If a PCoA axis has a negative eigenvalue associated with it, imaginary numbers are generated during the analysis and prevent Euclidean representation. Such eigenvalues may arise when using certain (dis)similarity measures that are either semi- or non-metric or those that exhibit other forms of non-Euclideanarity. To correct for these, transformations of the original data are needed which aim at making small dissimilarities larger relative to large dissimilarities. Taking the square root of dissimilarities or adding a constant to all dissimilarities sufficient to remove negative eigenvalues are viable options (Legendre and Legendre 1998).

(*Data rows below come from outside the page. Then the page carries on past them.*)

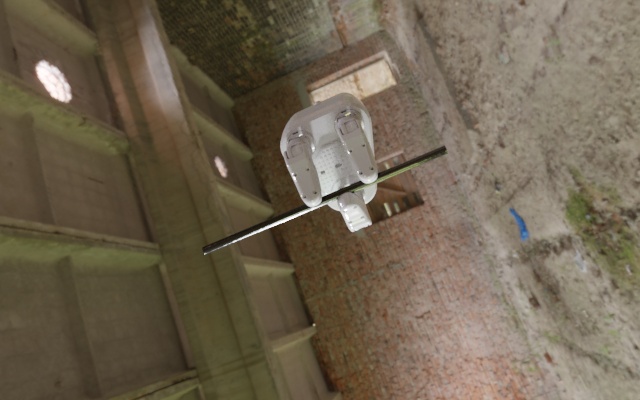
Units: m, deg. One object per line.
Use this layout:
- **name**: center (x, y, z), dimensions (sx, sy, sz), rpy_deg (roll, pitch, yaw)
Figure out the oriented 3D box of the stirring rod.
- **stirring rod**: center (0.000, 0.001, 0.435), dimensions (0.239, 0.011, 0.011), rpy_deg (-23, -3, 8)
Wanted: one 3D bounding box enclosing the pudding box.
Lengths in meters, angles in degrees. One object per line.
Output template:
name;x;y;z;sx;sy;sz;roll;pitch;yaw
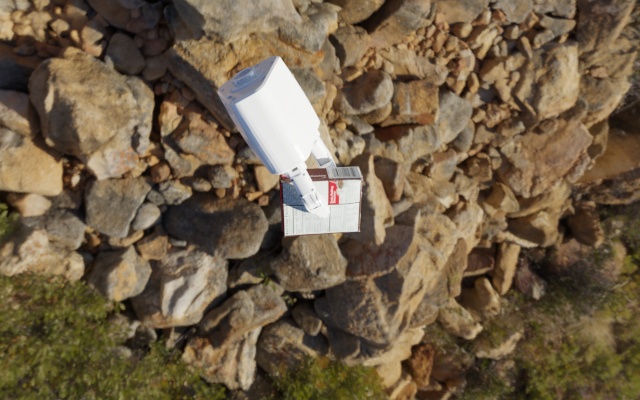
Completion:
pudding box;0.000;0.002;0.665;0.113;0.090;0.039;-2;31;-5
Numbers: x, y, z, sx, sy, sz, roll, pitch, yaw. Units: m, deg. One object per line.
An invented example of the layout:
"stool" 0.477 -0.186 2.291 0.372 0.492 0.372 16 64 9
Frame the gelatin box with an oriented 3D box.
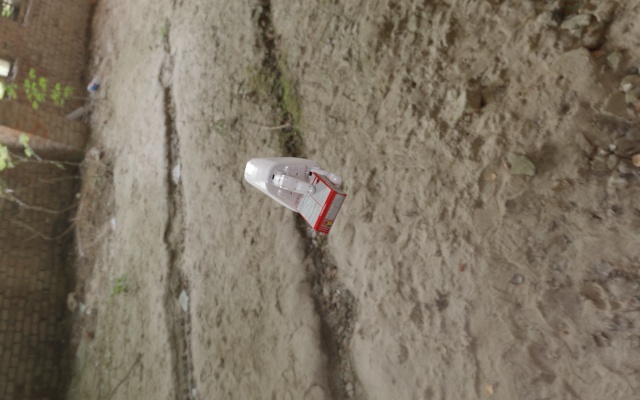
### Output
"gelatin box" 0.000 0.003 0.786 0.030 0.073 0.089 18 15 -30
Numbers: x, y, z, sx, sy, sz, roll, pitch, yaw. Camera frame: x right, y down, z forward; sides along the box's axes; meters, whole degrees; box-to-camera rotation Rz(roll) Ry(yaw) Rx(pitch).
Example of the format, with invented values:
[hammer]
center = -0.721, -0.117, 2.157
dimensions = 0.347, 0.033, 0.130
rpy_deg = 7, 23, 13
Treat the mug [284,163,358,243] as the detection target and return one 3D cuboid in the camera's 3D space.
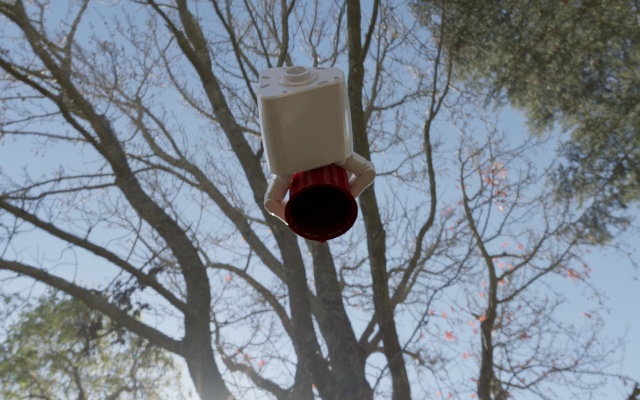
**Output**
[mug]
center = 0.000, 0.003, 0.639
dimensions = 0.093, 0.117, 0.081
rpy_deg = -5, 37, 0
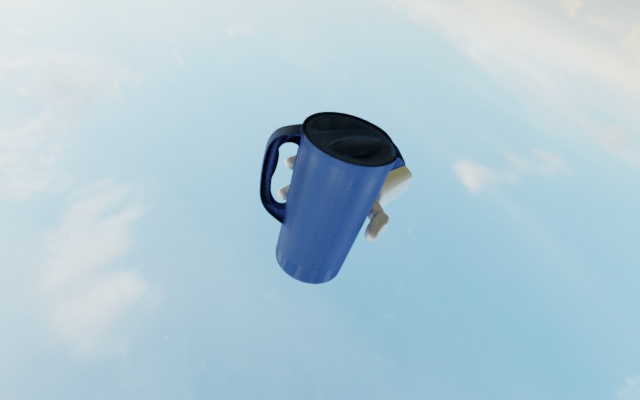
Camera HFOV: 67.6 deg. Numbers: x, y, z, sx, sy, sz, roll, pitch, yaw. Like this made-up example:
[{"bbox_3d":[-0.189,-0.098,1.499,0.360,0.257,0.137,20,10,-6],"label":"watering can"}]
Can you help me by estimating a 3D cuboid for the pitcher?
[{"bbox_3d":[0.000,0.002,0.691,0.149,0.243,0.145,38,39,24],"label":"pitcher"}]
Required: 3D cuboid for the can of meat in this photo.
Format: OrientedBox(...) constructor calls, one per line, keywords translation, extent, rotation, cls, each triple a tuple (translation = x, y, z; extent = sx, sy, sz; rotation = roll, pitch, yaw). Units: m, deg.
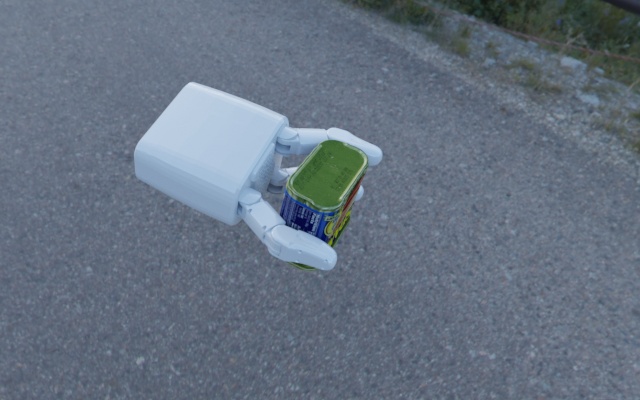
OrientedBox(translation=(0.000, 0.001, 0.452), extent=(0.057, 0.084, 0.102), rotation=(26, 44, 10), cls="can of meat")
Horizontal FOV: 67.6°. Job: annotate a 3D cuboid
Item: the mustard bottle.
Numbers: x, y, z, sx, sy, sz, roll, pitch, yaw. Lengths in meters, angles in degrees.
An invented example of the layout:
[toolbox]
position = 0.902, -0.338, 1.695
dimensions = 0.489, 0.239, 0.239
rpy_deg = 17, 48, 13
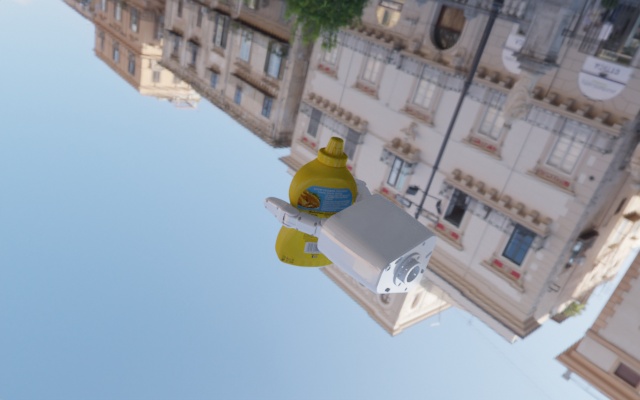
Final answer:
[mustard bottle]
position = 0.000, 0.002, 0.672
dimensions = 0.096, 0.192, 0.058
rpy_deg = 5, 28, -21
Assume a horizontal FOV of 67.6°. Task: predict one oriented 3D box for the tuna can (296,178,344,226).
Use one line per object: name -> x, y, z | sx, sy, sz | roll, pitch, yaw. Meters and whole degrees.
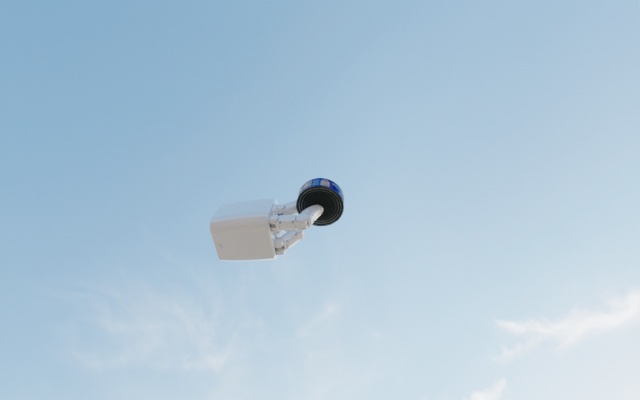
tuna can -> 0.000, 0.003, 0.864 | 0.086, 0.086, 0.033 | 0, 32, 5
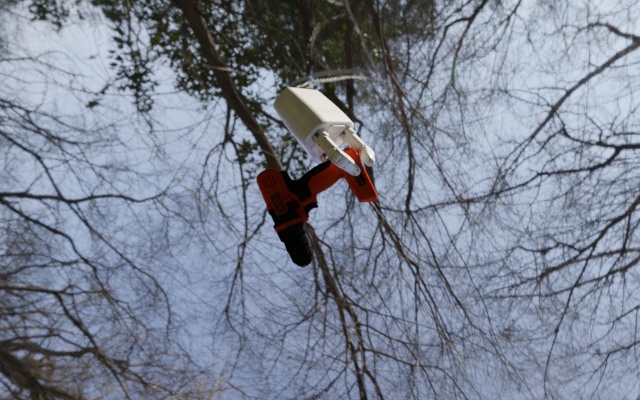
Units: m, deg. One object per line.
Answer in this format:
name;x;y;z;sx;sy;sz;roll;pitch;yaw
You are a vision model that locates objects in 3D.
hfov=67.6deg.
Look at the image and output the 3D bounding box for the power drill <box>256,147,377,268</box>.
power drill;0.000;0.002;0.838;0.187;0.184;0.057;-24;-4;-1
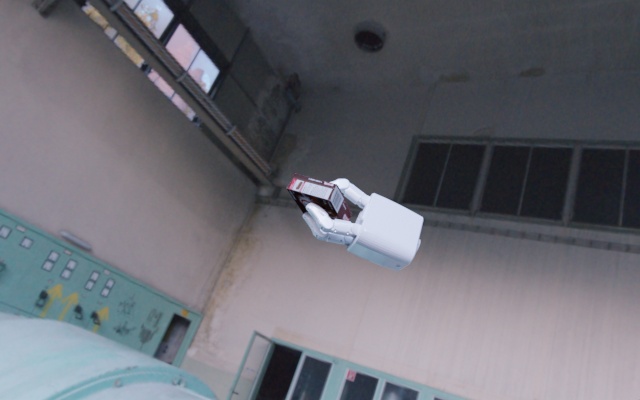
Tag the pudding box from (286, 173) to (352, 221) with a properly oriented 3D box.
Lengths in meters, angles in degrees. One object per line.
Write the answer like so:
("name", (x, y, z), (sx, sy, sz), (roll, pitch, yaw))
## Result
("pudding box", (0.000, 0.003, 0.869), (0.090, 0.039, 0.114), (15, -26, 26))
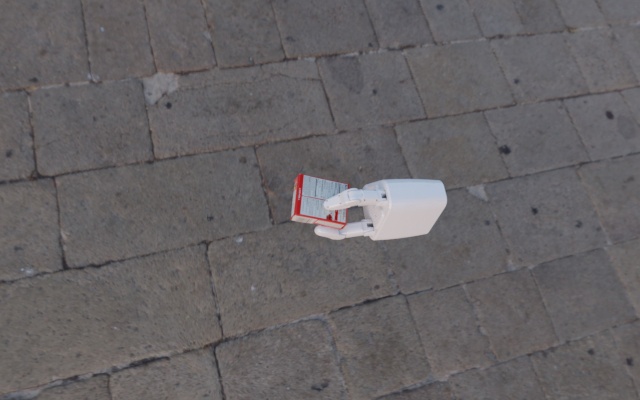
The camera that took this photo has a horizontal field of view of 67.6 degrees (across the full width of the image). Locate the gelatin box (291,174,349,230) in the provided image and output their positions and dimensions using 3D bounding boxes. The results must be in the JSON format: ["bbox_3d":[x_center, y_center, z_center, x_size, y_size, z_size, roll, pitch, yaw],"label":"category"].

Objects that have variable values that introduce large amounts of variation to the overall data set may strongly influence the ordination, making patterns of other objects less visible. It may be instructive to examine a PCoA solution that excludes such objects.

The values of the objects along a PCoA axis of interest may be correlated (using an appropriate measure) with those of environmental variables to assess association. However, PCoA is a form of indirect gradient analysis; therefore, other methods, such as distance-based redundancy analysis (db-RDA)[will explain in next tutorial], are likely to offer more utility in assessing the influence of environmental variables.